My questions is: What does instance exactly mean, are there other cases than let in which memoization is done automatically?
Describing this behavior as "memoization" is misleading. "Call by need" just means that a given input to a function will be evaluated somewhere between 0 and 1 times, never more than once. (It could be partially evaluated as well, which means the function only needed part of that input.) In contrast, "call by name" is simply expression substitution, which means if you give the expression 2 + 3 as an input to a function, it may be evaluated multiple times if the input is used more than once. Both call by need and call by name are non-strict: if the input is not used, then it is never evaluated.
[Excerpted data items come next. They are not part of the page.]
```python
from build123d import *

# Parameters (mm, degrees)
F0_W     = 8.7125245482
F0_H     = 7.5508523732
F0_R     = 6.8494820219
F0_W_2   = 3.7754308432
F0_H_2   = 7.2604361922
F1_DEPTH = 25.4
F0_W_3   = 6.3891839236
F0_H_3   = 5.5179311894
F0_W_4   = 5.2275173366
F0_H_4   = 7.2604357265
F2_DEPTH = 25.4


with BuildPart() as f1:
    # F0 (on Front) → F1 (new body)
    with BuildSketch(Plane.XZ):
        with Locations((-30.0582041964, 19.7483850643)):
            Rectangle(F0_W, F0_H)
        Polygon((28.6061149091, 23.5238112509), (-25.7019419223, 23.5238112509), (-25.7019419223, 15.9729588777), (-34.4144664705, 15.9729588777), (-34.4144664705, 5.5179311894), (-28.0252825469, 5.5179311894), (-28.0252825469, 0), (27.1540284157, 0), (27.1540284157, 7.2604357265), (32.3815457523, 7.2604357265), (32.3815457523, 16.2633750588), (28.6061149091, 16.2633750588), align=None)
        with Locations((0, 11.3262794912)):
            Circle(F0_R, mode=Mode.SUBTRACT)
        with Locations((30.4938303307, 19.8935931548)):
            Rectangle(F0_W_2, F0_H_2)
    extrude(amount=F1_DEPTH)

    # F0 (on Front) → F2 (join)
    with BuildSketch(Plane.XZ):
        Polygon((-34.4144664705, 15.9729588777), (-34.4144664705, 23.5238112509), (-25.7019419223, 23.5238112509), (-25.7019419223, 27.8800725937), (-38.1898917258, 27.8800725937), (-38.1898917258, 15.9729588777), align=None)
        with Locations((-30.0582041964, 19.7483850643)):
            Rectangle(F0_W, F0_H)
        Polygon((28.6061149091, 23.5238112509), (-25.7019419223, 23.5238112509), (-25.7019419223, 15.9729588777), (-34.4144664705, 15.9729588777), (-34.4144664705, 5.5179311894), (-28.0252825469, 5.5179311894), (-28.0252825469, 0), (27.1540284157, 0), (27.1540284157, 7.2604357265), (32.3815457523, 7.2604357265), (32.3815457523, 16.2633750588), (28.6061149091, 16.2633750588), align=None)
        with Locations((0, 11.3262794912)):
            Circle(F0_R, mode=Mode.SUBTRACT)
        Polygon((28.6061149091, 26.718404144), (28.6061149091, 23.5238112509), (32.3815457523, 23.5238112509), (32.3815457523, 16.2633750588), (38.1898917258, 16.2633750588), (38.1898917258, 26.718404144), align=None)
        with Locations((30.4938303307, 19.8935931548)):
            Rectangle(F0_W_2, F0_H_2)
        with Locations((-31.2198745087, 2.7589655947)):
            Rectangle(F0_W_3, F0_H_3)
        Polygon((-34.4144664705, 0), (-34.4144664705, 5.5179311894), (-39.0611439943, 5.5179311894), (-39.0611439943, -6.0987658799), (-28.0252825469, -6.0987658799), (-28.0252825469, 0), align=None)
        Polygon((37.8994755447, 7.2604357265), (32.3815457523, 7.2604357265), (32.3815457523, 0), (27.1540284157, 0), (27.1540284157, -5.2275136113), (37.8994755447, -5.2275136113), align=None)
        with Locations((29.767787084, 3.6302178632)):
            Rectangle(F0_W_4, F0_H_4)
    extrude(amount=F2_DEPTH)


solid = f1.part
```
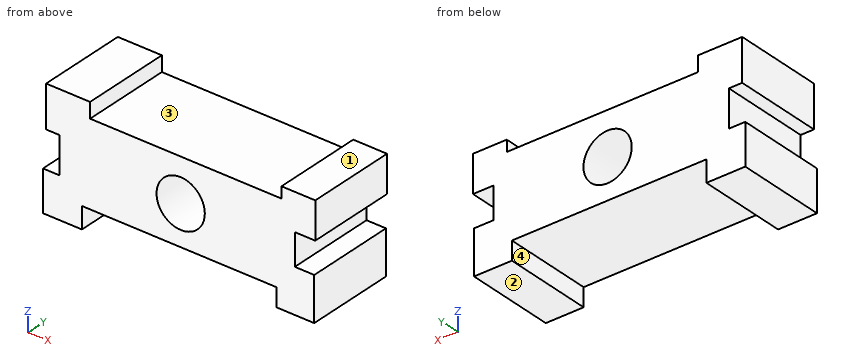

Most programming languages are strict, and use a "call by value" approach, which means that all inputs are evaluated before you begin evaluating the function, whether or not the inputs are used. This all has nothing to do with let expressions.
Haskell does not perform any automatic memoization. Let expressions are not an example of memoization. However, most compilers will evaluate let bindings in a call-by-need-esque fashion. If you model a let expression as a function, then the "call by need" mentality does apply:
let foo = expression one in expression two that uses foo
==>
(\foo -> expression two that uses foo) (expression one)
This doesn't correctly model recursive bindings, but you get the idea.
The haskell language definition does not define when, or how often, code is invoked. Infinite loops are defined in terms of 'the bottom' (written ⊥), which is a value (which exists within all types) that represents an error condition. The compiler is free to make its own decisions regarding when and how often to evaluate things as long as the program (and presence/absence of error conditions, including infinite loops!) behaves according to spec.
That said, the usual way of doing this is that most expressions generate 'thunks' - basically a pointer to some code and some context data. The first time you attempt to examine the result of the expression (ie, pattern match it), the thunk is 'forced'; the pointed-to code is executed, and the thunk overwritten with real data. This in turn can recursively evaluate other thunks.
Of course, doing this all the time is slow, so the compiler usually tries to analyze when you'd end up forcing a thunk right away anyway (ie, when something is 'strict' on the value in question), and if it finds this, it'll skip the whole thunk thing and just call the code right away. If it can't prove this, it can still make this optimization as long as it makes sure that executing the thunk right away can't crash or cause an infinite loop (or it handles these conditions somehow).
If you don't want to have to get very technical about this, the essential point is that when you have an expression like some_expensive_computation of all these arguments, you can do whatever you want with it; store it in a data structure, create a list of 53 copies of it, pass it to 6 other functions, etc, and then even return it to your caller for the caller to do whatever it wants with it.
What Haskell will (mostly) do is evaluate it at most once; if it the program ever needs to know something about what that expression returned in order to make a decision, then it will be evaluated (at least enough to know which way the decision should go). That evaluation will affect all the other references to the same expression, even if they are now scattered around in data structures and other not-yet-evaluated expressions all throughout your program.